- Used for those deceased 1914–1918
- Established: Spring 1917
- Location: 50°3′39″N 2°41′02″E﻿ / ﻿50.06083°N 2.68389°E near Thiepval, Somme, France
- Total burials: 1,304
- Unknowns: 815
- Commemorated: 489

Burials by nation
- Allied Powers

Burials by war
- World War I: 1,304

UNESCO World Heritage Site
- Official name: Funerary and memory sites of the First World War (Western Front)
- Type: Cultural
- Criteria: i, ii, vi
- Designated: 2023 (45th session)
- Reference no.: 1567-SE02

= Mill Road Cemetery =

CWGC cemetery in Thiepval, Somme, Picardie, France

 Mill Road Cemetery is a Commonwealth War Graves Commission burial ground for the dead of World War I situated near the French town of Thiepval.

The cemetery was established as a battlefield cemetery for troops killed in the Battle of the Somme.

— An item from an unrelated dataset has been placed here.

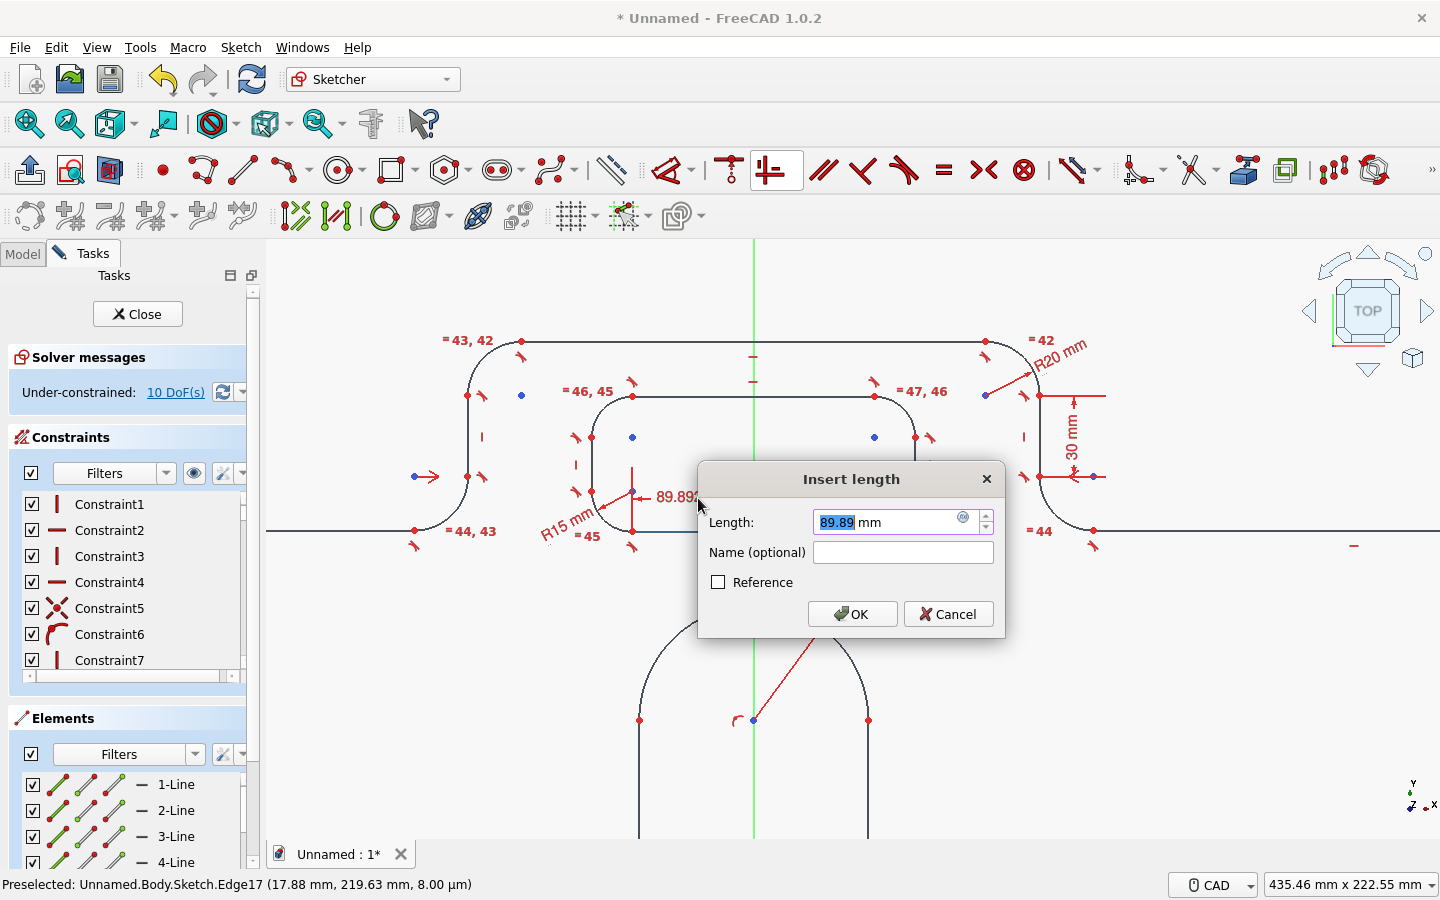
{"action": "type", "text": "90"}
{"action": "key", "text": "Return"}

Battlefield clearances of the surrounding area in 1919 significantly increased the size of the cemetery. The cemetery was extended after the Armistice, with graves brought in from the battlefields of Beaumont-Hamel and Thiepval, and from the smaller Division Road Cemeteries No. 1 and No. 3 and St Pierre-Divion Cemetery No. 2.

The cemetery now contains the graves of 1,304 Commonwealth soldiers, 815 of which are unidentified. The cemetery was designed by Sir Herbert Baker.